Reply To: What if your last trip to the store was the last one forever?

  • Redcap

    Member
    March 20, 2024 at 3:12 pm

    I really started thinking that way and started getting extra household things and emergency cooking and lighting and such stuff and it just got stupid at some point. Yeah, I’m fine with a good supply of duct tape and OTC meds and homemade medicines and matches and such, but we just don’t have the room to become our own Costco. And it also hit me: and what happens when you run out of what you have back-stocked?
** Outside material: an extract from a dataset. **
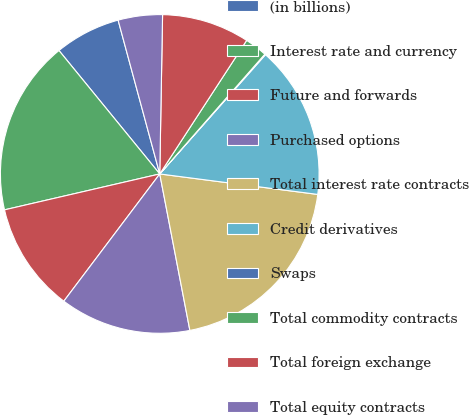Convert chart to OTSL. <chart><loc_0><loc_0><loc_500><loc_500><pie_chart><fcel>(in billions)<fcel>Interest rate and currency<fcel>Future and forwards<fcel>Purchased options<fcel>Total interest rate contracts<fcel>Credit derivatives<fcel>Swaps<fcel>Total commodity contracts<fcel>Total foreign exchange<fcel>Total equity contracts<nl><fcel>6.69%<fcel>17.72%<fcel>11.1%<fcel>13.31%<fcel>19.92%<fcel>15.51%<fcel>0.08%<fcel>2.28%<fcel>8.9%<fcel>4.49%<nl></chart> 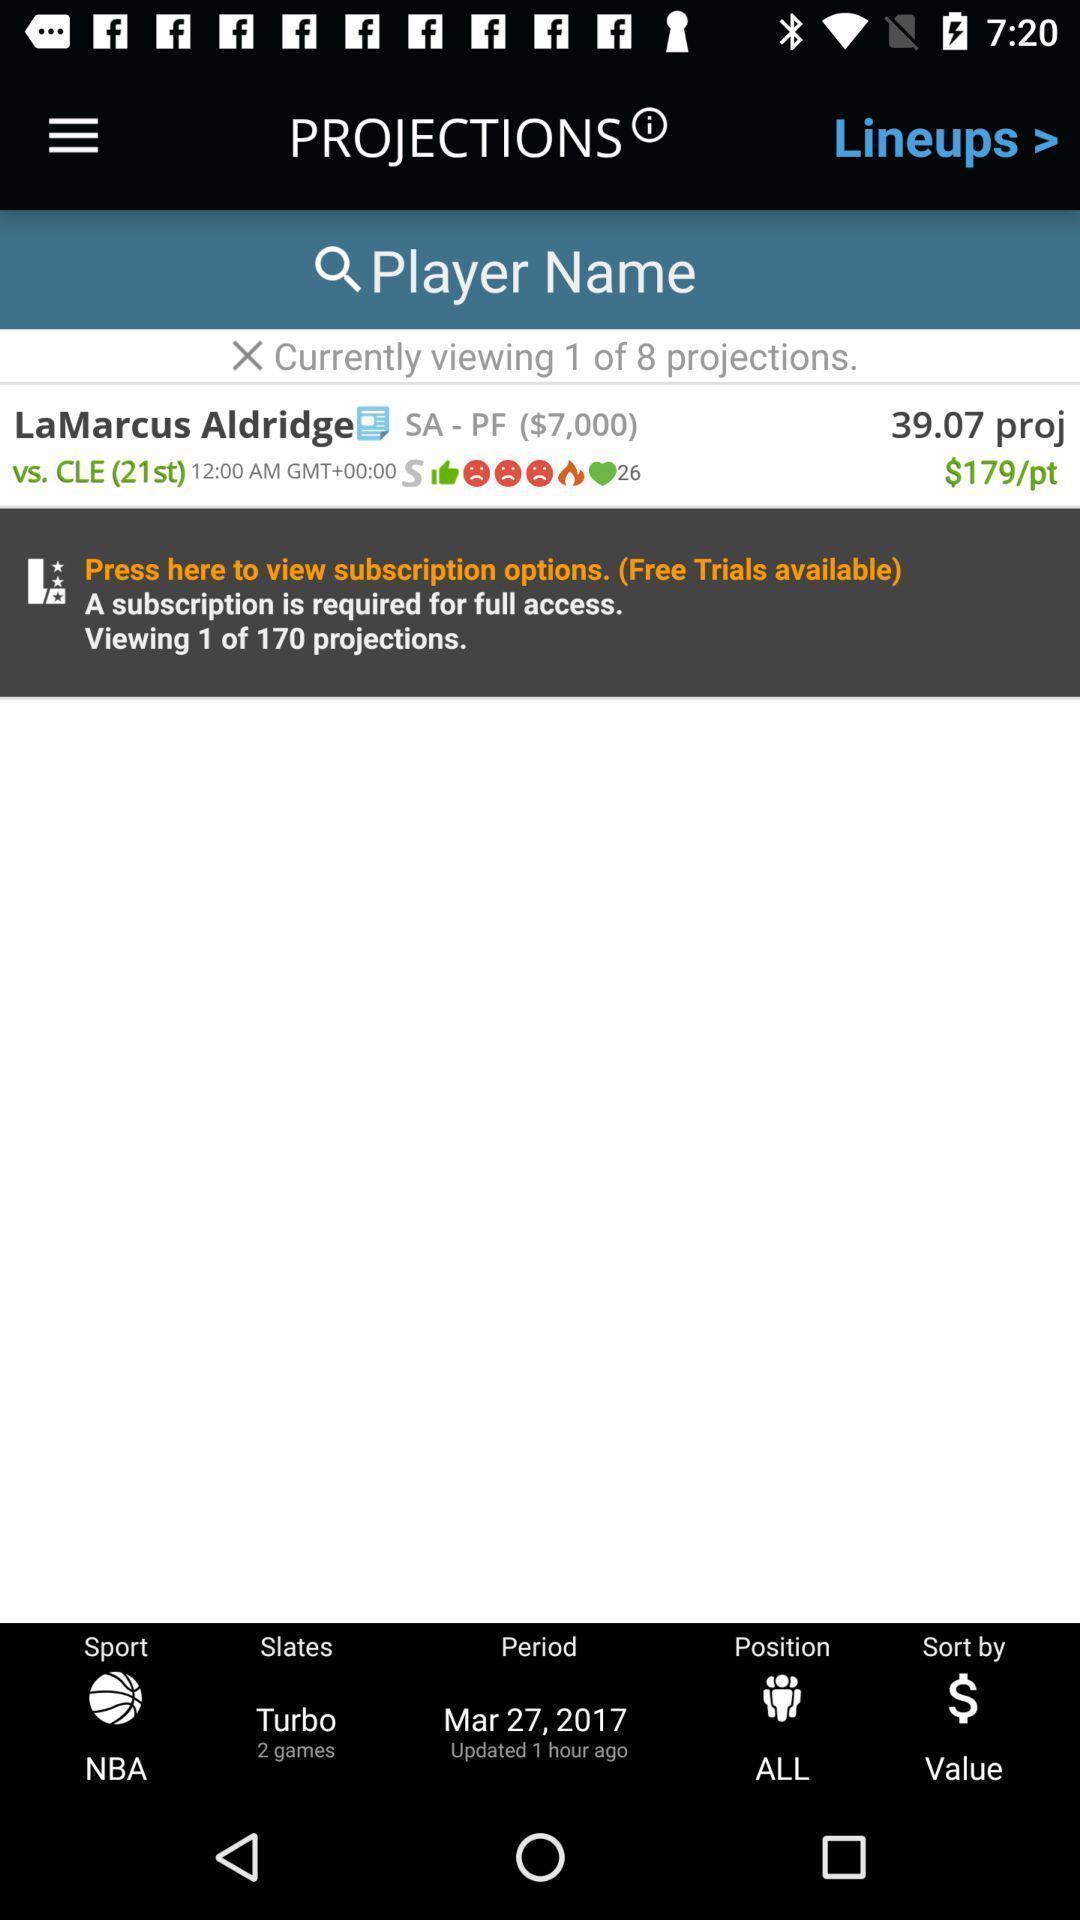Give me a narrative description of this picture. Screen shows player name details in gaming app.

How will you live if you’re still relying on manufactured items?

    So now we got rid of and donated a whole lot of extra stuff and went back to my roots of how my family survived the wars and Great Depression and even a great-grandmother who talked about the Hard Winter of 1880!

    We have shelter, a couple of years of wood for heat, water and ways to collect it, simple food to get by for a good year (a hearty stew once a day and another small meal of eggs and grain), and our clothes, soap, rags, and some back up lighting.
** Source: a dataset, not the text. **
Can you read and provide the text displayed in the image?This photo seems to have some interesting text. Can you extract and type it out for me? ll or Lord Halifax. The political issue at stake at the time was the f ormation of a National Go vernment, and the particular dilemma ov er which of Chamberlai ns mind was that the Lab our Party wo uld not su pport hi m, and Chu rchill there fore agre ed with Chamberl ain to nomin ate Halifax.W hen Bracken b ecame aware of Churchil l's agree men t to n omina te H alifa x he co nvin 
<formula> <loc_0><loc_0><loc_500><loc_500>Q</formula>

    We figured we can go to bed when it gets dark instead of trying to reproduce modern life and light up our house with boxes and boxes of candles we don’t have room to store. We can eat nettles and dandelion every day if we need to along with our eggs and small meat animals or fish. Humans have no “essential” carbohydrate requirements nutritionally although I’m not saying cut out carbs. Just saying plants and meats give us more than breads and pots full of cornmeal. And there is NO nutritional benefit to white flour and white rice at all. The hardest food to get during the wars and Depression was meat. Better put that by now because when the feds start handing out food, it will be empty simple carbs, just like last time.

    So we decided to change our stocking up to learning to live historically without modern needs. Yes, we do need extra screws and nails and such. Can’t have the house falling apart! But I can’t imagine trying to have everything we have now and trying to live a “normal” life if or when the clock turns back to 1930 or 1730 for that matter.

    Now if it’s a zombie apocalypse, then husband and I are done anyway. We’re too old to fight hordes. LOL But live through another Depression? That we can do and with very little stuff.